## Input data
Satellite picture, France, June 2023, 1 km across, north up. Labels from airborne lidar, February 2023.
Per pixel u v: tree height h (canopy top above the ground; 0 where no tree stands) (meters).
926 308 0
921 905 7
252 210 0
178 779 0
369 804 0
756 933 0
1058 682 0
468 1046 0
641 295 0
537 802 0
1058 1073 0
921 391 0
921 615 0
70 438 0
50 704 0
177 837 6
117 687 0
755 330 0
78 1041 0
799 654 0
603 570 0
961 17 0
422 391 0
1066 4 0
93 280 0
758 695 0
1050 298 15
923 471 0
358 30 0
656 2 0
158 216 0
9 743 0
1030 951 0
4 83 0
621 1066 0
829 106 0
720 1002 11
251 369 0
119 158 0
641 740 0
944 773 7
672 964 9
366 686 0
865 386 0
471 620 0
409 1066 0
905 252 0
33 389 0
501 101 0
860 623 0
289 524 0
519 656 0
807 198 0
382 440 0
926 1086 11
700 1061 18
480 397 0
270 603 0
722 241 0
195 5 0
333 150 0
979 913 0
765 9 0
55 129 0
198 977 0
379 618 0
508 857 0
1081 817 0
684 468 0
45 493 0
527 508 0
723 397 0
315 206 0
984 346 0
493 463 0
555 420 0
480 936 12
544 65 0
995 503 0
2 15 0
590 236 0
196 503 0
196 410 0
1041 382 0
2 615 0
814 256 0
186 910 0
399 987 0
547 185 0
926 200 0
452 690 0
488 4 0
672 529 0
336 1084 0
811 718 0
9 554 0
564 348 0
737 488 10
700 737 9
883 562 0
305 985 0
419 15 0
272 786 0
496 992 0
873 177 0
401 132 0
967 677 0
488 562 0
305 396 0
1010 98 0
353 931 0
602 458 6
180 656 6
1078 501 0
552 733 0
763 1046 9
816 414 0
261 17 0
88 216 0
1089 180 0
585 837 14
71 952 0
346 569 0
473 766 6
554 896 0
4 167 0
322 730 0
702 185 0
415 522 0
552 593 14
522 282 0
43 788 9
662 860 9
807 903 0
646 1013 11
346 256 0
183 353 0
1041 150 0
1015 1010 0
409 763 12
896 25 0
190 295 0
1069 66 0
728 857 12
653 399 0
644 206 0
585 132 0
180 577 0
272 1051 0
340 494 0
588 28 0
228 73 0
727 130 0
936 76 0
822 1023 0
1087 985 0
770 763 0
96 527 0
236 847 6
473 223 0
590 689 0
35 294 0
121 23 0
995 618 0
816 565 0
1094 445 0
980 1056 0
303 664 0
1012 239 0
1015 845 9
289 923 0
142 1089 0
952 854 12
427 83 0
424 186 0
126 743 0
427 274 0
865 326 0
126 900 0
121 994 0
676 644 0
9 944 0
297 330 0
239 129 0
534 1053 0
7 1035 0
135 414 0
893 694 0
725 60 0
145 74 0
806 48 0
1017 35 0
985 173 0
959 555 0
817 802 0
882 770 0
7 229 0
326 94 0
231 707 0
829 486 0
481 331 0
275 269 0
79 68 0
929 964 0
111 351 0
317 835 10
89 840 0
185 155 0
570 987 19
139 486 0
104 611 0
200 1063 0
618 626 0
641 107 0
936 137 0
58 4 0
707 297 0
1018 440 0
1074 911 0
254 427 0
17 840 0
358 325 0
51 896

## What to produce
Line by line, set down the material exactly as given.

## Output below
Satellite picture, France, June 2023, 1 km across, north up. Labels from airborne lidar, February 2023.
Per pixel u v: tree height h (canopy top above the ground; 0 where no tree stands) (meters).
926 308 0
921 905 7
252 210 0
178 779 0
369 804 0
756 933 0
1058 682 0
468 1046 0
641 295 0
537 802 0
1058 1073 0
921 391 0
921 615 0
70 438 0
50 704 0
177 837 6
117 687 0
755 330 0
78 1041 0
799 654 0
603 570 0
961 17 0
422 391 0
1066 4 0
93 280 0
758 695 0
1050 298 15
923 471 0
358 30 0
656 2 0
158 216 0
9 743 0
1030 951 0
4 83 0
621 1066 0
829 106 0
720 1002 11
251 369 0
119 158 0
641 740 0
944 773 7
672 964 9
366 686 0
865 386 0
471 620 0
409 1066 0
905 252 0
33 389 0
501 101 0
860 623 0
289 524 0
519 656 0
807 198 0
382 440 0
926 1086 11
700 1061 18
480 397 0
270 603 0
722 241 0
195 5 0
333 150 0
979 913 0
765 9 0
55 129 0
198 977 0
379 618 0
508 857 0
1081 817 0
684 468 0
45 493 0
527 508 0
723 397 0
315 206 0
984 346 0
493 463 0
555 420 0
480 936 12
544 65 0
995 503 0
2 15 0
590 236 0
196 503 0
196 410 0
1041 382 0
2 615 0
814 256 0
186 910 0
399 987 0
547 185 0
926 200 0
452 690 0
488 4 0
672 529 0
336 1084 0
811 718 0
9 554 0
564 348 0
737 488 10
700 737 9
883 562 0
305 985 0
419 15 0
272 786 0
496 992 0
873 177 0
401 132 0
967 677 0
488 562 0
305 396 0
1010 98 0
353 931 0
602 458 6
180 656 6
1078 501 0
552 733 0
763 1046 9
816 414 0
261 17 0
88 216 0
1089 180 0
585 837 14
71 952 0
346 569 0
473 766 6
554 896 0
4 167 0
322 730 0
702 185 0
415 522 0
552 593 14
522 282 0
43 788 9
662 860 9
807 903 0
646 1013 11
346 256 0
183 353 0
1041 150 0
1015 1010 0
409 763 12
896 25 0
190 295 0
1069 66 0
728 857 12
653 399 0
644 206 0
585 132 0
180 577 0
272 1051 0
340 494 0
588 28 0
228 73 0
727 130 0
936 76 0
822 1023 0
1087 985 0
770 763 0
96 527 0
236 847 6
473 223 0
590 689 0
35 294 0
121 23 0
995 618 0
816 565 0
1094 445 0
980 1056 0
303 664 0
1012 239 0
1015 845 9
289 923 0
142 1089 0
952 854 12
427 83 0
424 186 0
126 743 0
427 274 0
865 326 0
126 900 0
121 994 0
676 644 0
9 944 0
297 330 0
239 129 0
534 1053 0
7 1035 0
135 414 0
893 694 0
725 60 0
145 74 0
806 48 0
1017 35 0
985 173 0
959 555 0
817 802 0
882 770 0
7 229 0
326 94 0
231 707 0
829 486 0
481 331 0
275 269 0
79 68 0
929 964 0
111 351 0
317 835 10
89 840 0
185 155 0
570 987 19
139 486 0
104 611 0
200 1063 0
618 626 0
641 107 0
936 137 0
58 4 0
707 297 0
1018 440 0
1074 911 0
254 427 0
17 840 0
358 325 0
51 896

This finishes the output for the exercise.